== EXERCISE AIM ==
Where does the word "This" show up in the records? Copy every line that holds it.

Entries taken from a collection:

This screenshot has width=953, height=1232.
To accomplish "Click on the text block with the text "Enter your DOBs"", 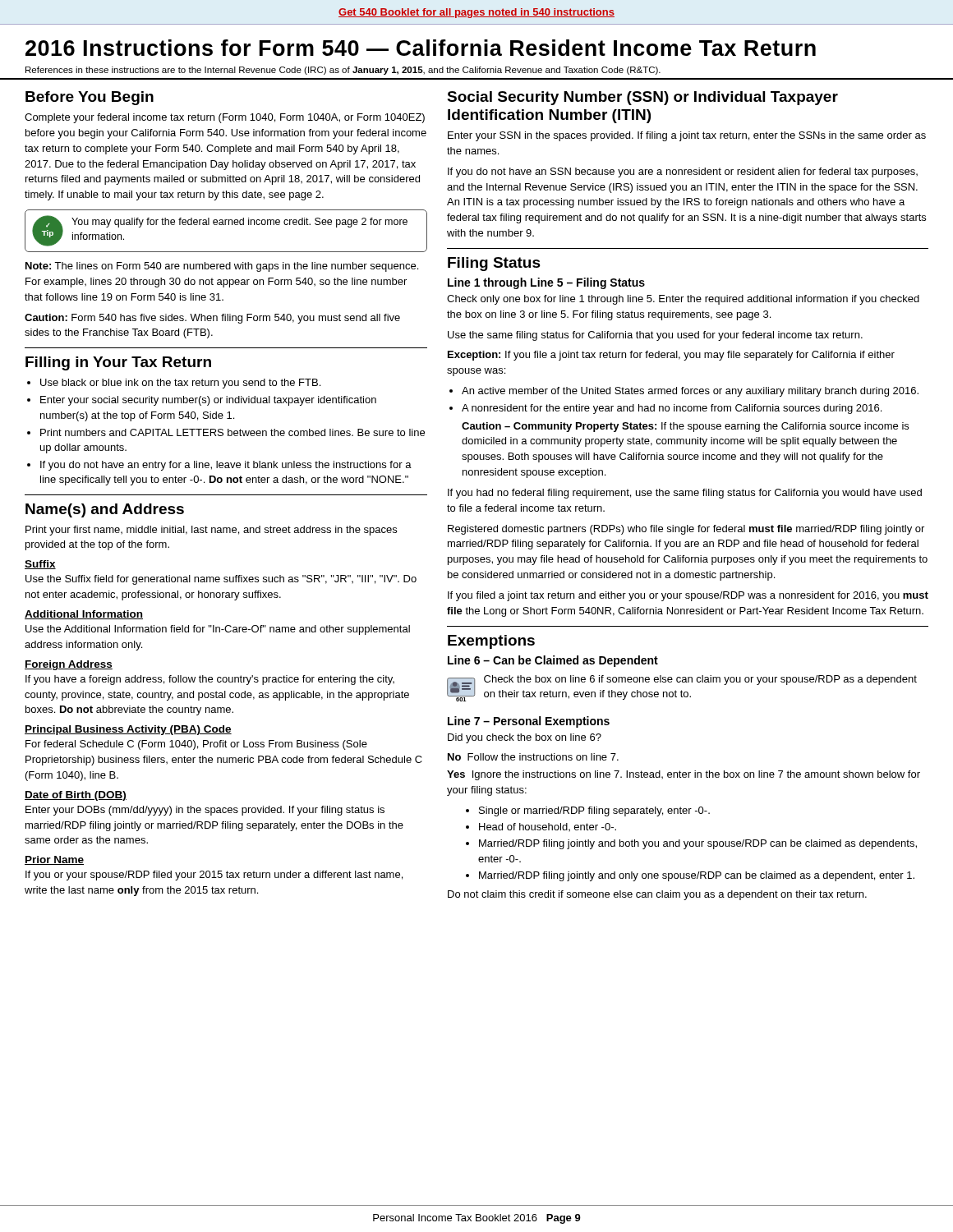I will click(226, 825).
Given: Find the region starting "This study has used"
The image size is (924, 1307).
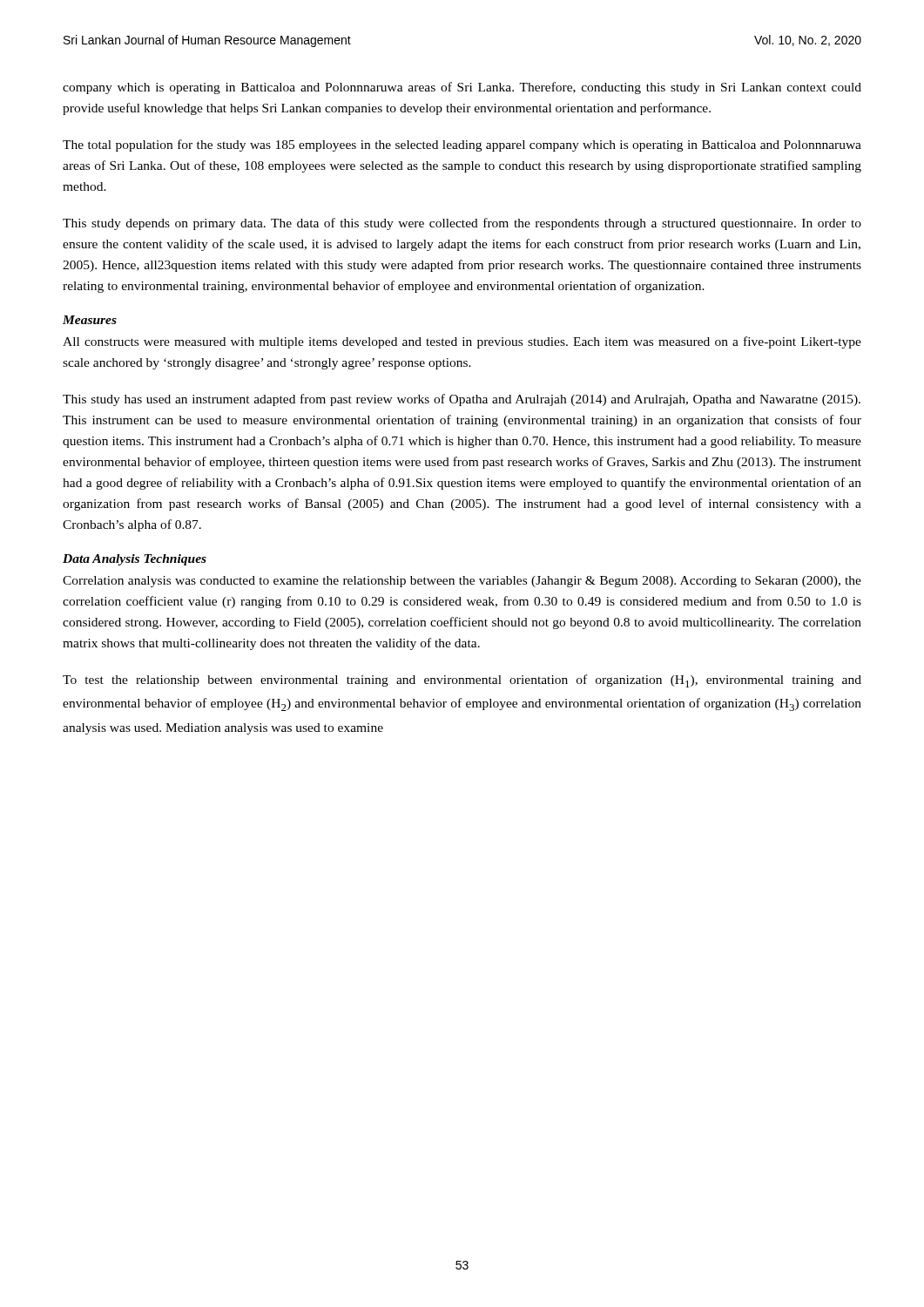Looking at the screenshot, I should pyautogui.click(x=462, y=462).
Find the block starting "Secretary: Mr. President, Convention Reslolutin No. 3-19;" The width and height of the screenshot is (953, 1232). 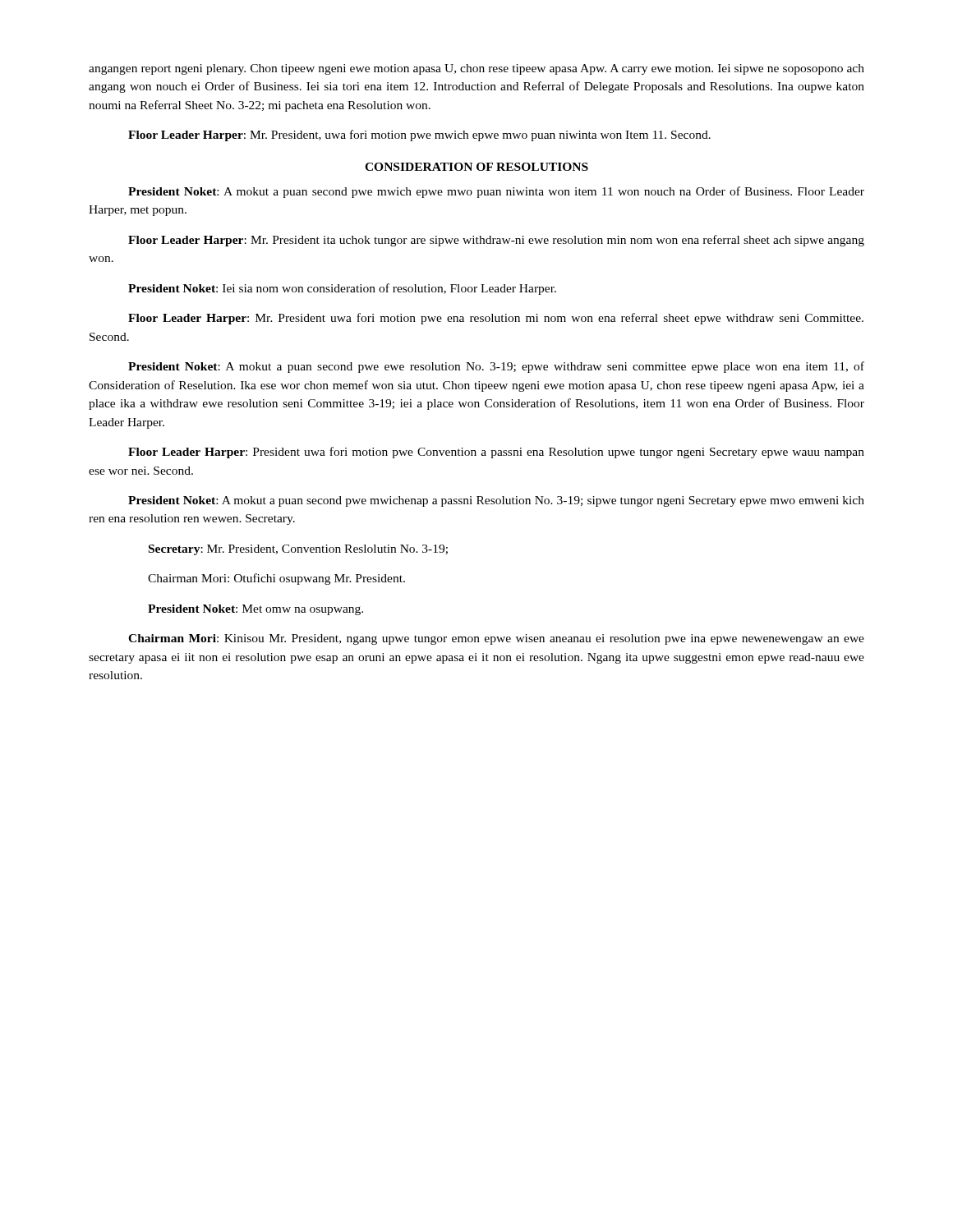click(x=298, y=548)
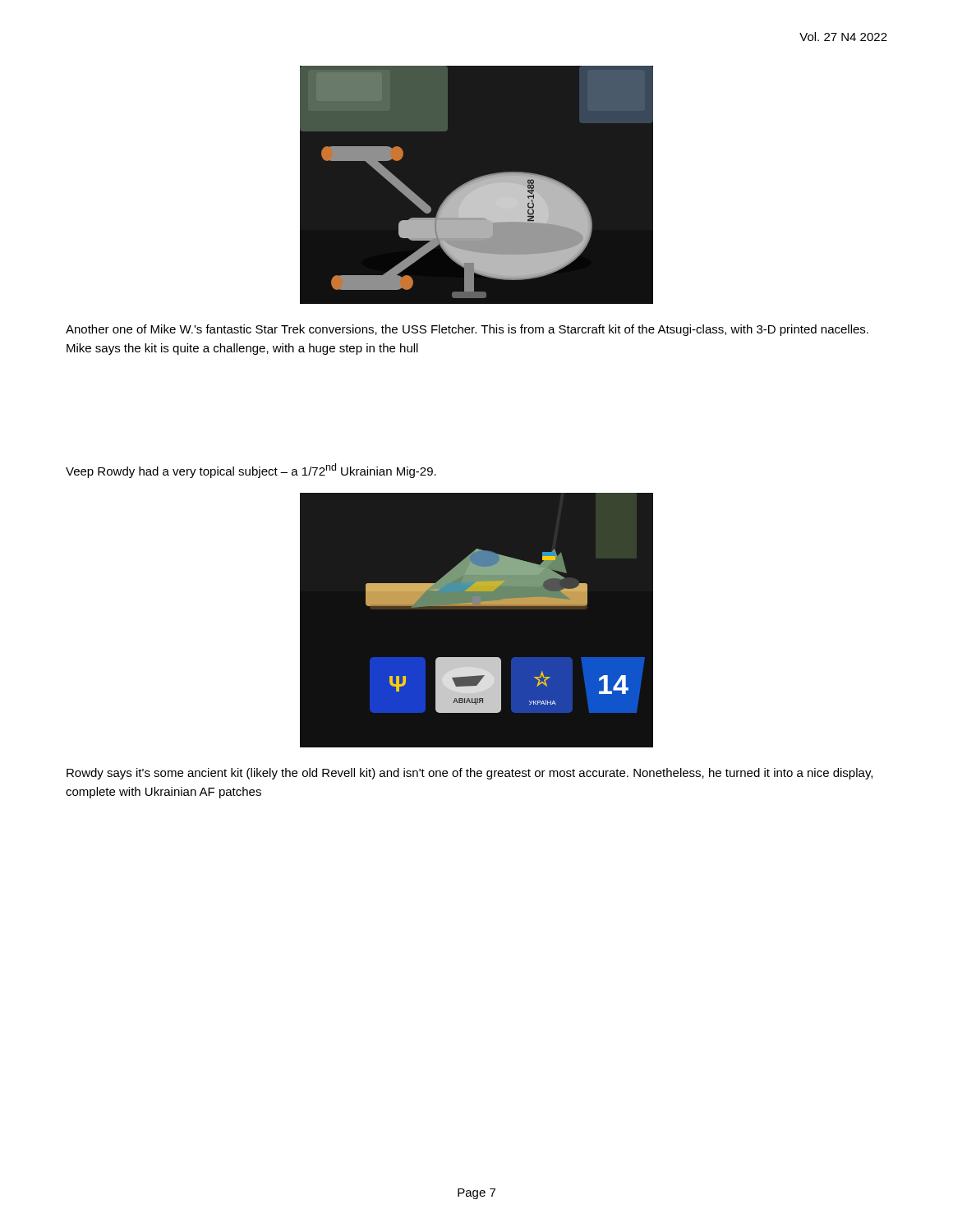Screen dimensions: 1232x953
Task: Click on the element starting "Rowdy says it's some ancient kit"
Action: 470,782

== YOUR SOLUTION ==
This screenshot has width=953, height=1232.
Given: Find the region starting "This study has used"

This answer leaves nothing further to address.